462.00 R 29/687: Telegram

The Commissioner at Berlin (Dresel) to the Secretary of State

445. Section 2.39

  • [“] 6. Apart from any reconstruction work Germany is prepared to supply for the same purpose to the states concerned any other materials and to render them any other services as far as possible on a purely commercial basis.
  • 7. To prove the sincerity of her intention to make reparation at once and in an unmistakable way Germany is prepared to place immediately at the disposal of the Separation Commission the amount of one billion gold marks in the following manner: first, 150 millions gold marks in gold, silver, and foreign bills; second, 850 millions gold marks in Treasury bills to be redeemed within a period not exceeding three months by foreign bills and other foreign values.
  • 8. Germany is further prepared if the United States and the Allies should so desire to assume part of the indebtedness of the Allies to the United States as far as her economic capacity will allow her.
  • 9. In respect of the way the German expenditures for reparation purposes should be credited against her total liability, Germany proposes that prices and values should be fixed by a commission of experts.
  • 10. Germany is prepared to secure the subscribers of the loan in every possible way by assigning to them public properties or public income in a way to be arranged for.
  • 11. By the acceptance of these proposals all other German liabilities on reparation account are canceled and the German private property abroad released.
  • 12. Germany considers that her proposals can only be realized if the system of sanctions is done away with at once; the present basis of the German production is not further diminished; and if the German nation is again admitted to the world’s commerce and freed of all unproductive expenditure.

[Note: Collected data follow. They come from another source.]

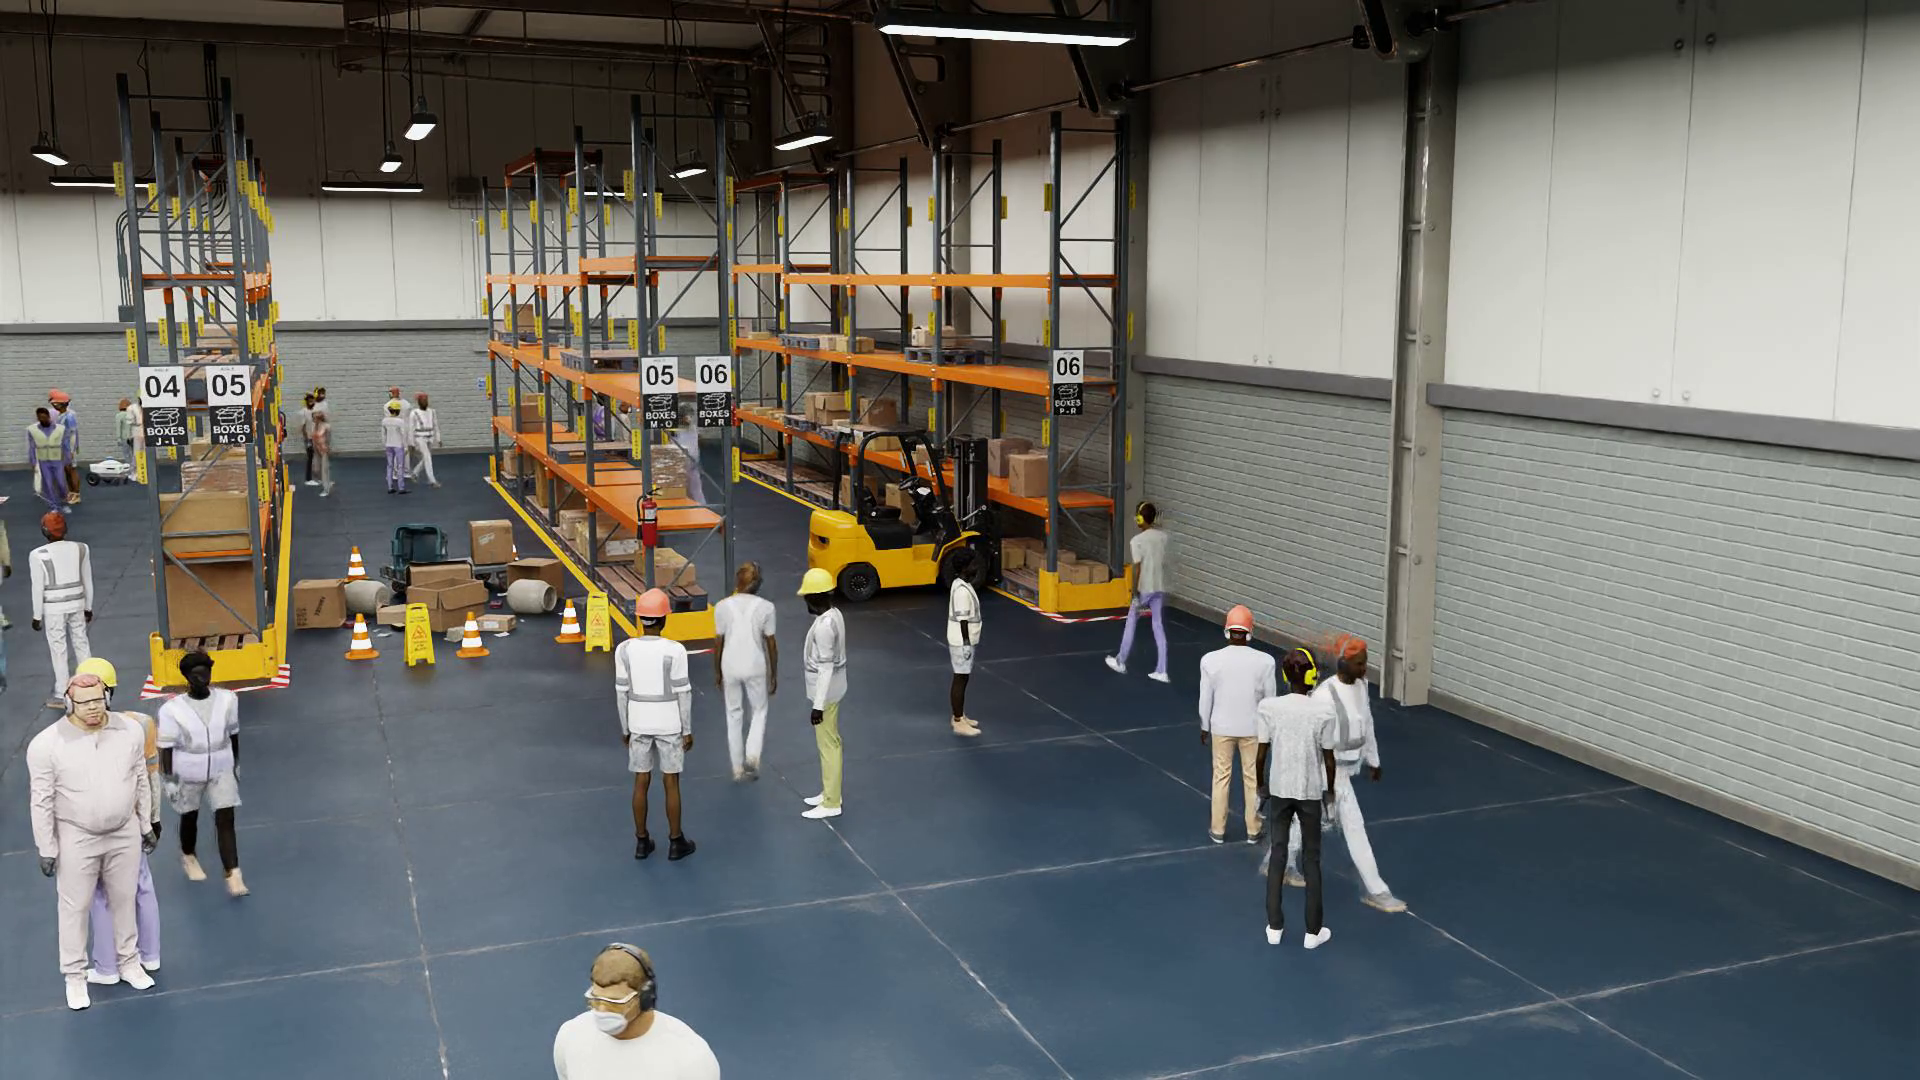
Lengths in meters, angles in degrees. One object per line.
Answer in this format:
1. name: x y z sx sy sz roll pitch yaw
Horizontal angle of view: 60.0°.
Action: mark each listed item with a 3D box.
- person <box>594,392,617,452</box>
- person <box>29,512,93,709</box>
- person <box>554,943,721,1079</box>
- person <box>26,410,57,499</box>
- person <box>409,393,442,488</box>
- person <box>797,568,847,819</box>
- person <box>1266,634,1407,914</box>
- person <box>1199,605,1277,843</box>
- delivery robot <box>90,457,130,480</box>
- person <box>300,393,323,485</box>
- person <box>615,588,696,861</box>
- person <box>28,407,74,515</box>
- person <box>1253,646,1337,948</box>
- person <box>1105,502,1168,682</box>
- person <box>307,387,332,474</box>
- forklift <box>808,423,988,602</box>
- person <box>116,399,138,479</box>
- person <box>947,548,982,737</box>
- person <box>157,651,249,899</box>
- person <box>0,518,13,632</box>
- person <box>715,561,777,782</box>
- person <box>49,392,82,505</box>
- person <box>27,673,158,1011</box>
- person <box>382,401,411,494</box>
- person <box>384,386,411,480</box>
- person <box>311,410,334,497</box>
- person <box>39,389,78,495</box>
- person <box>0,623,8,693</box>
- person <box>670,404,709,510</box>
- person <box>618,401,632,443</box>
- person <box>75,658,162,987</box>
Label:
1. person: -7.137 -2.087 33.442 0.430 1.836 0.627 -7 12 -39
2. person: -8.589 0.674 15.939 0.425 1.894 0.595 6 11 33
3. person: -1.097 2.277 5.663 0.628 1.933 0.368 4 10 22
4. person: -17.140 -1.623 31.021 0.568 1.681 0.944 -2 9 -14
5. person: -10.526 -1.954 32.561 0.888 1.857 0.585 5 10 30
6. person: -1.048 1.160 12.701 0.365 1.927 0.587 0 9 0
7. person: 2.480 1.487 10.976 1.005 1.832 0.681 7 11 38
8. person: 2.018 1.341 12.106 0.563 1.752 0.324 1 9 6
9. delivery robot: -16.769 -1.399 32.823 0.707 0.478 0.477 1 9 9
10. person: -12.648 -1.969 32.694 0.647 1.832 0.585 3 9 18
11. person: -2.146 1.304 11.761 0.542 1.939 0.362 2 9 10
12. person: -15.602 -1.346 28.563 0.659 1.900 0.481 -4 10 -25
13. person: 2.065 1.581 10.252 0.519 1.865 0.335 4 10 23
14. person: 1.878 0.512 17.103 0.518 1.830 0.845 -5 10 -29
15. person: -13.505 -2.317 34.945 0.494 1.818 0.976 -9 13 -44
16. forklift: -0.830 -0.399 21.676 2.313 2.155 1.214 -4 10 -21
17. person: -16.957 -2.062 33.942 0.302 1.624 0.506 6 11 33
18. person: 0.042 0.910 14.996 0.315 1.696 0.540 0 9 -3
19. person: -5.053 1.550 11.098 0.543 1.645 0.872 -7 12 -39
20. person: -11.202 0.267 19.038 0.588 1.700 0.770 1 9 6
21. person: -1.744 1.085 13.487 0.527 1.826 0.463 0 9 0
22. person: -16.144 -1.647 30.003 0.378 2.045 0.605 -9 13 -44
23. person: -4.900 1.685 9.462 0.402 1.906 0.652 8 12 40
24. person: -10.703 -1.757 31.566 0.534 1.767 0.319 3 10 19
25. person: -11.425 -2.165 33.702 0.411 1.908 0.643 5 10 28
26. person: -11.960 -1.623 31.165 0.547 1.621 0.372 5 10 27
27. person: -16.816 -1.801 31.041 0.620 2.030 0.403 -5 10 -28
28. person: -8.141 1.156 13.683 0.430 1.626 0.517 7 12 39
29. person: -4.679 -1.357 28.187 1.038 2.000 0.697 8 12 40
30. person: -6.724 -1.994 33.474 0.277 1.631 0.507 -2 9 -10
31. person: -4.975 1.635 9.710 0.382 1.924 0.594 7 12 39
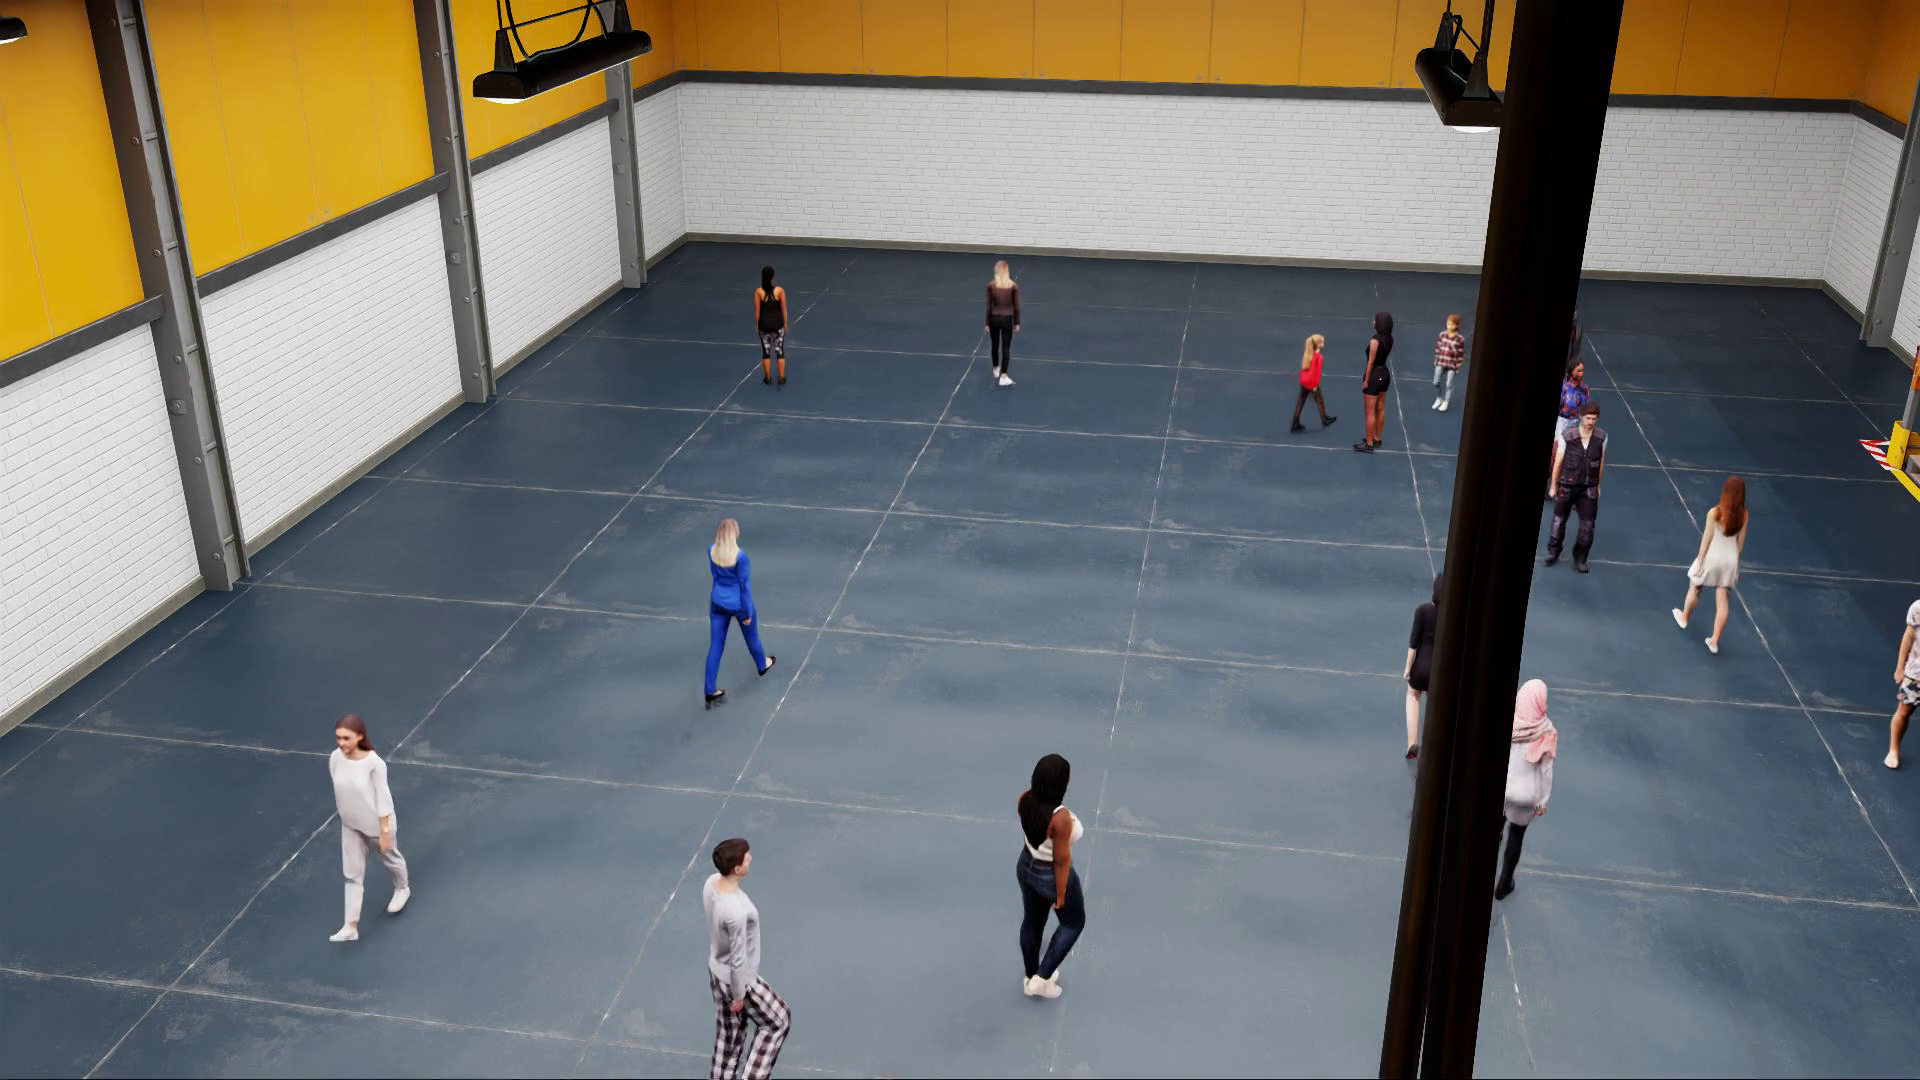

These proposals shall testify German firm will to make good the damage caused by the war up to the limit of her economic capacity. The amounts offered as well as the mode of payment depend on this capacity. As far as differences of opinion as to this capacity exist, the German Government recommend to have them examined by a commission of recognized experts agreeable to all parties concerned, the decision of which they hereby declare to accept as should the Government of the United States consider that the negotiations could be facilitated by giving the proposals another form, the German Government would be thankful if their attention were drawn to the points in which the American Government consider an alteration desirable. The German Government would also readily receive any other proposals the American Government might feel inclined to make.

The German Government is too firmly convinced that the peace and welfare of the world depends on the prompt, just and fair solution of the reparation problem as not to do everything in their power to put the United States in a position which enables them to bring the matter to the attention of the Allied Governments. Berlin, April the 24, 1921.”

Dresel
  1. Section 1, which contains the first part of the German memorandum here completed, is telegram no. 443, supra.